A more complete story
I am going to tell you a true story about how Heaven Letters came into being. But before I do, I wish to say that I am hesitant to describe any of this, for three reasons:
1. Attention is better put on what God says rather than an individual's story.
2. These extricated experiences are not IT. They are part of it, or a tracing of some of it, but they are not IT. Even if every thread were described, we wouldn't have the truth. The truth is God leads us, and we can only guess how after the fact.
3. My story could be misleading. We all stumble alike, and still good things happen.
With this disclaimer, here is some of my story:
I was born into a Jewish family that was not spiritual or religious. My dear parents rather considered God as something people pretended to believe in, but no one really did. I did not buy into this, but I did not relate to God either. I had no thoughts about God.
There is one thing I can look back on in my young childhood that might have been a sign of something to come.
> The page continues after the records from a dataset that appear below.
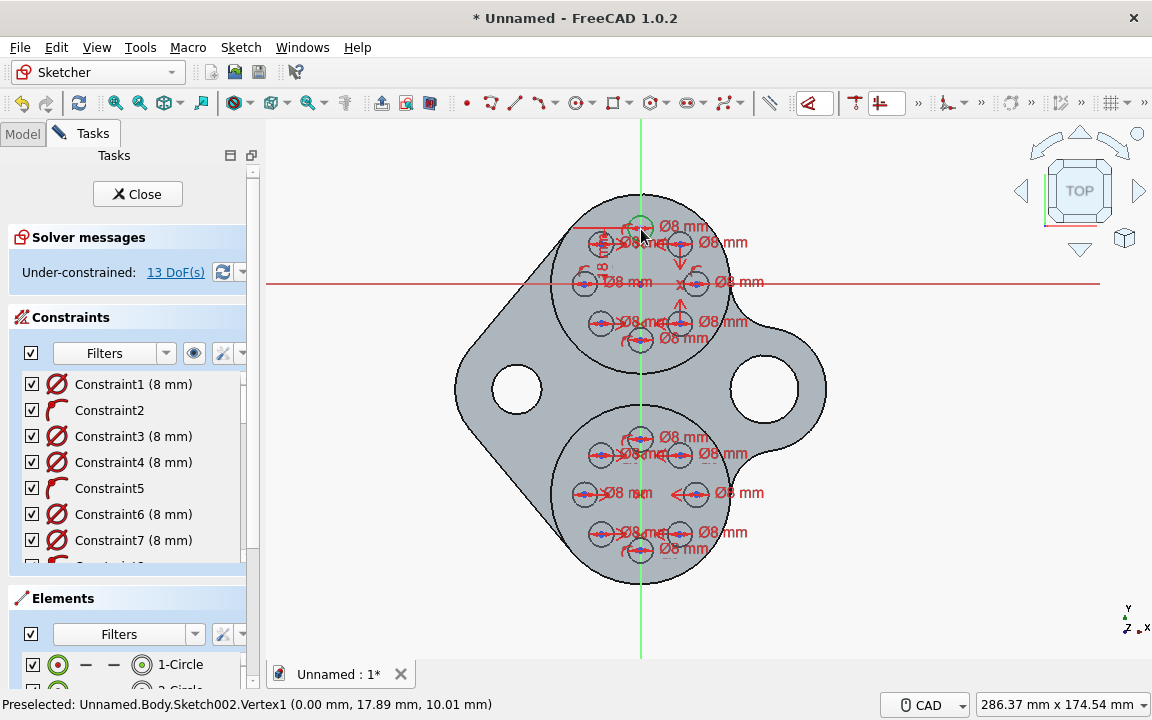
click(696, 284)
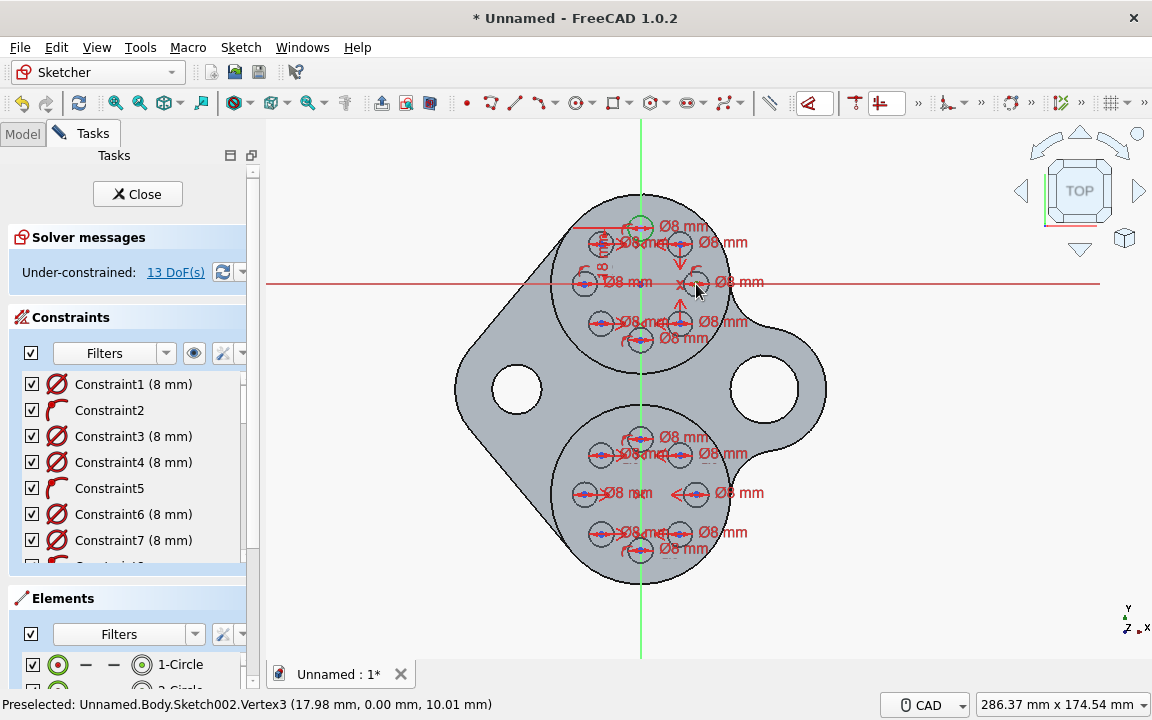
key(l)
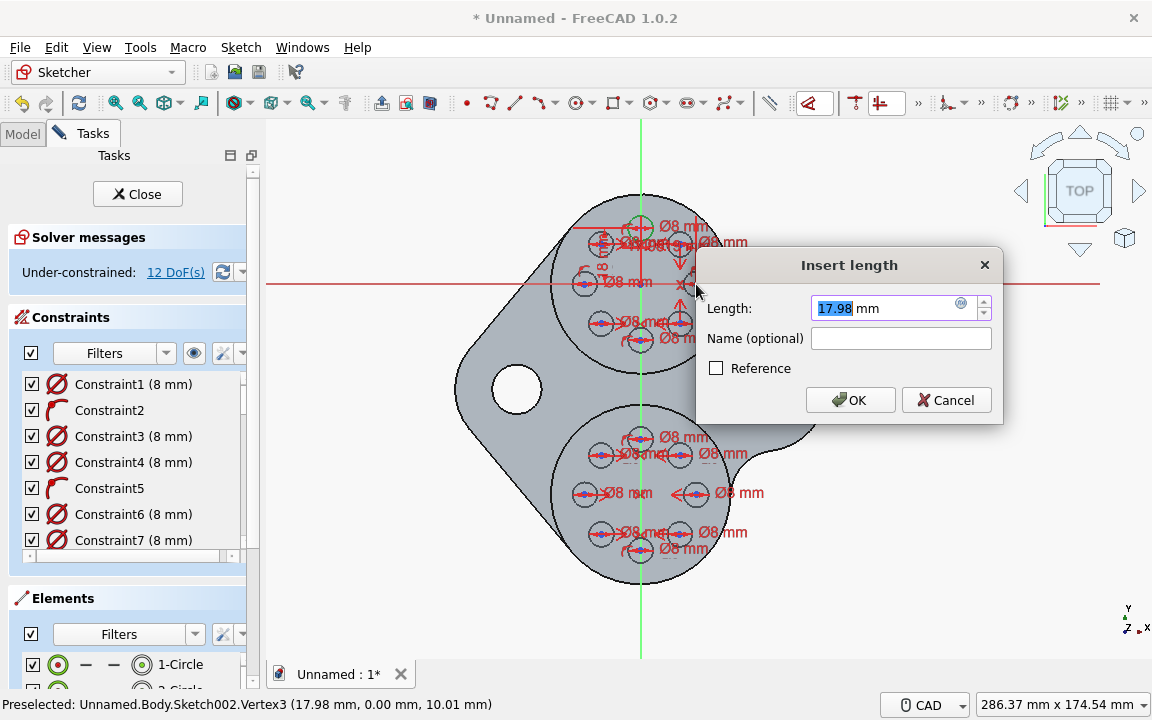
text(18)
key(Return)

It's a stretch to say so, but this is my story, so I can say so.
There was a large poster rolled up in a closet in our attic that I spent time unrolling and looking at. The poster was a picture of the face of a beautiful baby. The sky above the baby was dark blue and there was a star radiating there. It was a picture of Baby Jesus. I didn't know that then. My mother kept this picture because it looked like my brother Bennie when he was a baby!
Now we skip about fifty years, although there are also other possibilities and twists and turns that could be included, and are not.
Quite by chance, I saw part of JESUS CHRIST SUPERSTAR on my daughter's TV. Then another time, again by chance, I caught another part of it, and I fell in love with it. My daughter recorded it for me. From then on, that was what I did just about every evening, watch JESUS CHRIST SUPERSTAR. I watched it 125+ times.
It was not simply a movie to me. God or Christ had enchanted it, or me, and I was there in the movie right with it. It played in my heart.
All of the stories of Christ's divinity I had learned in public school never made a dent in me. Quite the opposite. But in JESUS CHRIST SUPERSTAR, his humanness drew me, and it was his humanness that awakened me to his divinity. He could get annoyed with his friends. He could be impatient. His friends let him down; why couldn't they even stay awake with him? And he wasn't keen on being crucified. He was real, spoke wisdom, and was innocent. It was through his humanness that I came to love him with all my heart.
Then JESUS CHRIST SUPERSTAR turned into a regular movie again, and the spell was over, as all spells are.
The same scenario was played with GODSPELL, appearing on my daughter's TV; she recorded it for me, and I watched it fascinated for 35+ times.
The second time I saw it, in the scene where Jesus removes the make-up from the faces of his friends and says good-bye to them, I heard myself blurt out: "I will never leave you again."
Now I am coming closer to how Heaven Letters™ came about.
A friend of mine gave me a framed picture of Jesus. It was the picture of Christ manifested by Sai Baba from a photograph of the Shroud of Turin. I kept that golden picture of him on my coffee table.
When I was alone, I would sit by myself and really look into his eyes. His picture would melt me every time, and I would find myself crying. His compassion came forth from his eyes into my heart, and I would cry.
One time, no different from any other time, I was by myself, looking into his eyes, and suddenly Christ came out of the picture into the room and appeared before me. And then, before my eyes, his distinct image became golden light, all aura, and the light swirled before me and filled me.
And then he spoke to me. He said, "Gloria, I have been seeking you for a long time."
I said out loud: "YOU'VE been seeking ME?"
He said, "Yes, I have been seeking you for a long time."
And he went back into the picture.
Then I had a clear insight. I think the insight was given to me, and it wasn't really mine. It was that the seeker and the sought are the same. The seeker and the sought are the same. At the moment, I understood that fully. It had not been said in words, but I understood that that was what I was supposed to know. That was the meaning of what Christ had said to me.
I cried and laughed, and I thought that from then on, whenever I would look at that picture, Christ would appear to me again in gold light, but it never happened again.
I believe he introduced me to God and handed me over to Him.
And I write down God's words, which, of course, He wants shared with all who can receive them.